Громадное лезвие и в самом деле рушилось. Оно стало закручиваться, чуть повернулось в их сторону, поначалу двигаясь медленно, но постепенно набирая скорость. Верхушка шпиля рассекала туман и облака брызг, закручивая их вокруг своих поверхностей и углов. Здание принялось наклоняться в сторону, противоположную площади и главному участку Водопада, — все быстрее, поворачиваясь еще сильнее, как человек, начавший падать ничком, но потом выставивший вперед плечо. Длинное лезвие пошло вниз, вонзаясь в брызги и песчаный берег, как лопата входит в построенную детишками запруду; за шпилем последовала остальная часть здания, начав разрушаться, когда вся постройка достигла воды. Чудовищные бурые волны поднялись до половины высоты, на которой стоял Орамен со спутниками.

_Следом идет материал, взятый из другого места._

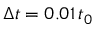Convert formula to latex. <formula><loc_0><loc_0><loc_500><loc_500>\Delta t = 0 . 0 1 \, t _ { 0 }</formula> 
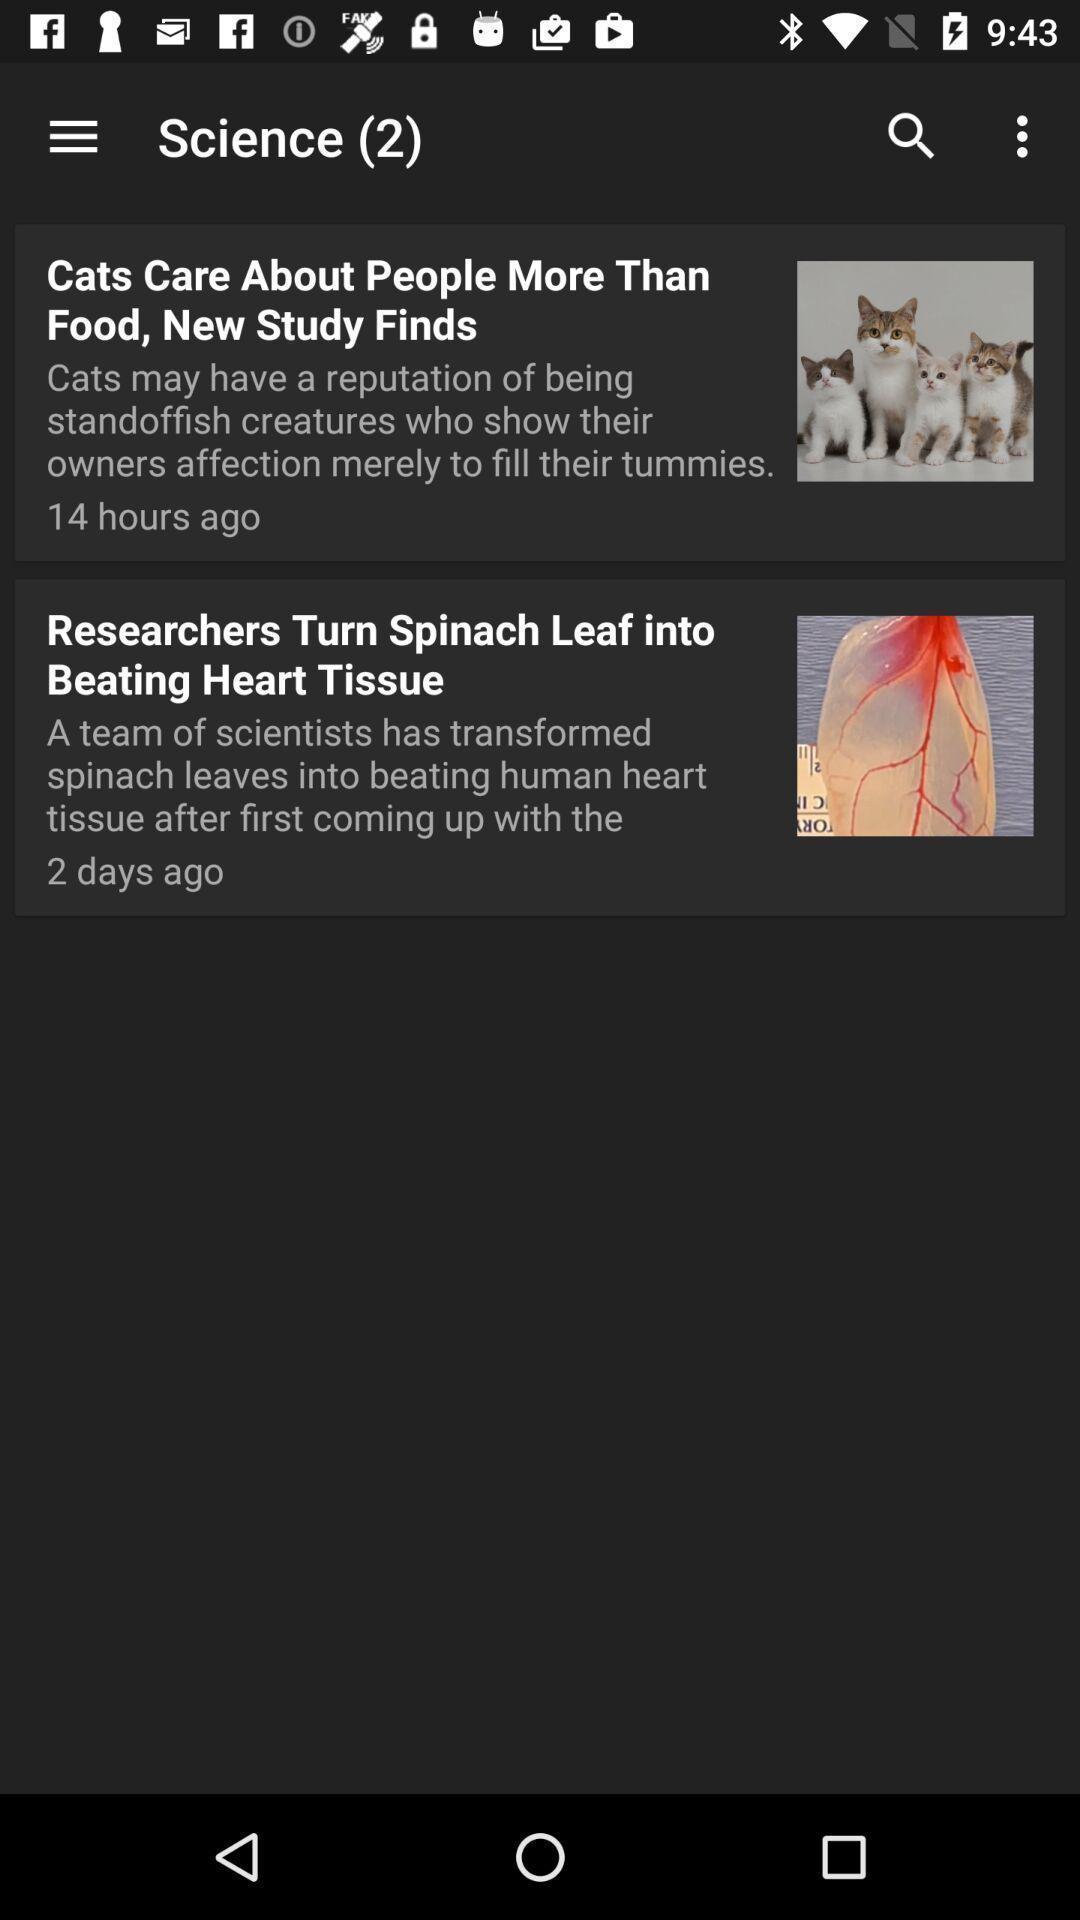Give me a summary of this screen capture. Page showing list of news.

Наконец донесся и шум — жуткий треск, рвущий, скрежещущий звук, который выделялся на фоне рева Водопада. Еще громче был последующий грохот, который прорвался сквозь воздух и, казалось, сотряс здание под их ногами, заглушив на миг голос самого Хьенг-жара. Наполовину рухнувшее сооружение на мгновение замерло и окончательно упало плоской стороной в воду, исчезнув в хаосе бурлящих волн. Пенные воды опять вздыбились.
Орамен смотрел как зачарованный. Сразу же после первого удара волн вода стала уходить вниз, перестраиваться, чтобы обходить новое препятствие, вздуваться за покореженным корпусом рухнувшего здания, закипать по его краям, а пенящиеся волны, танцуя, приняли отступать, сталкиваясь с другими, что продолжали двигаться вперед. Соединенные волны, уже новых очертаний, карабкались вйерх и разламывались, словно на безумном празднике разрушения. Ближайшие песчаные косы, прежде метров на пять возвышавшиеся над самыми высокими волнами, теперь оказались под водой; те, что возвышались метров на десять, медленно подтачивались, по мере того как накатывались бурлящие воды, — им осталось жить всего несколько минут. Посмотрев вниз, Орамен увидел, что фундамент здания, на котором они стоят, почти полностью окружен брызгами и пеной обратного прилива.
Он повернулся к другим. Негюст все глядел туда, где только что стояло здание. Даже Дроффо смотрел чуть ли не с восторгом, отойдя от стены и на время забыв о своем страхе высоты. Орамен еще раз бросил взгляд на воды, бьющиеся у основания башни.
— Господа, — сказал он, — пожалуй, нам лучше поторопиться.
23. «ЧЕЛОВЕЧЕСКИЙ ФАКТОР»
— Сестра? — сказал Фербин, когда женщина в простом синем платье подошла к нему.
Это и в самом деле была Джан Серий. Фербин не видел сестру пятнадцать сарлских лет, но сразу узнал ее. До чего же она изменилась! Перед ним стояла женщина — не девочка, к тому же мудрая, полностью владеющая собой, сдержанная. Фербин неплохо разбирался в таких вещах, как авторитет и харизма, чтобы уловить. Не маленькая принцесса Джан Серий, а настоящая королева.
— Фербин, — сказала она, кивнув с приветливой улыбкой и остановившись в большом шаге от брата. — Я так рада! Как поживаешь? Все в порядке? Ты изменился.
Он покачал головой.
— Я в порядке, сестра. — К горлу подступил комок. — Сестра! — воскликнул он, бросился ей навстречу, обхватил руками.
Правое плечо Джан Серий оказалось у Фербина под подбородком, а ее руки — на его спине. Обнимая сестру, он словно прикасался к мягкой коже, натянутой на стальную основу, — от нее исходило ощущение удивительной силы, несокрушимости. Джан Серий похлопала его по спине, а другой рукой погладила по голове. Ее подбородок лег на плечо брата.